Scan the records for the word "whole". Report each line where it occurs.

[Stored items]
╭──
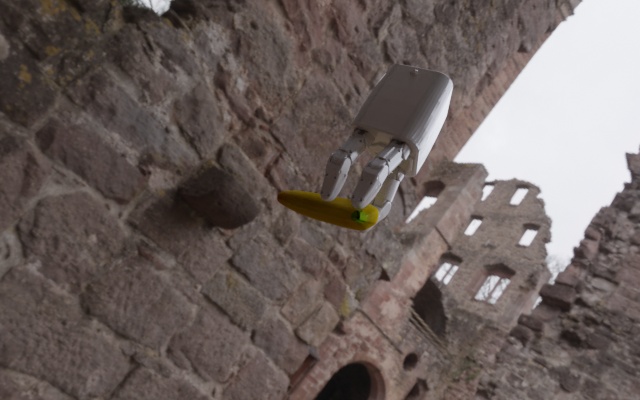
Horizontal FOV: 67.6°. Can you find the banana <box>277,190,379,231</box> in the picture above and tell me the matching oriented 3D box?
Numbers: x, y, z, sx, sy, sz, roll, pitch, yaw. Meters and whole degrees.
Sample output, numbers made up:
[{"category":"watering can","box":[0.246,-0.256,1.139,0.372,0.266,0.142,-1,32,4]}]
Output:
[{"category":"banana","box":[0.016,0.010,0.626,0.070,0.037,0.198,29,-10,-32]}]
╰──
╭──
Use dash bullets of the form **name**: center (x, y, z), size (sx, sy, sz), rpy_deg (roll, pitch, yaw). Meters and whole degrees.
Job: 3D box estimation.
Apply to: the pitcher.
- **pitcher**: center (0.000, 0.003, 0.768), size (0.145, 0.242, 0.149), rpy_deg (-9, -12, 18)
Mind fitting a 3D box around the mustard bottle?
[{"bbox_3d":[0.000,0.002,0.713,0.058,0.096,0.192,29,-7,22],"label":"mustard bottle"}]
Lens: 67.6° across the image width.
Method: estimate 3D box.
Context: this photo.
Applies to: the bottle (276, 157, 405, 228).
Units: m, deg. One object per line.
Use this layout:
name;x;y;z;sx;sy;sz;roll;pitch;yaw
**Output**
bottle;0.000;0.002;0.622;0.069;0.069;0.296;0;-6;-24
╰──
[Response below]
Numbers: x, y, z, sx, sy, sz, roll, pitch, yaw. Meters and whole degrees.
Use dash bullets of the form **name**: center (x, y, z), size (sx, sy, sz), rpy_deg (roll, pitch, yaw). Meters and whole degrees.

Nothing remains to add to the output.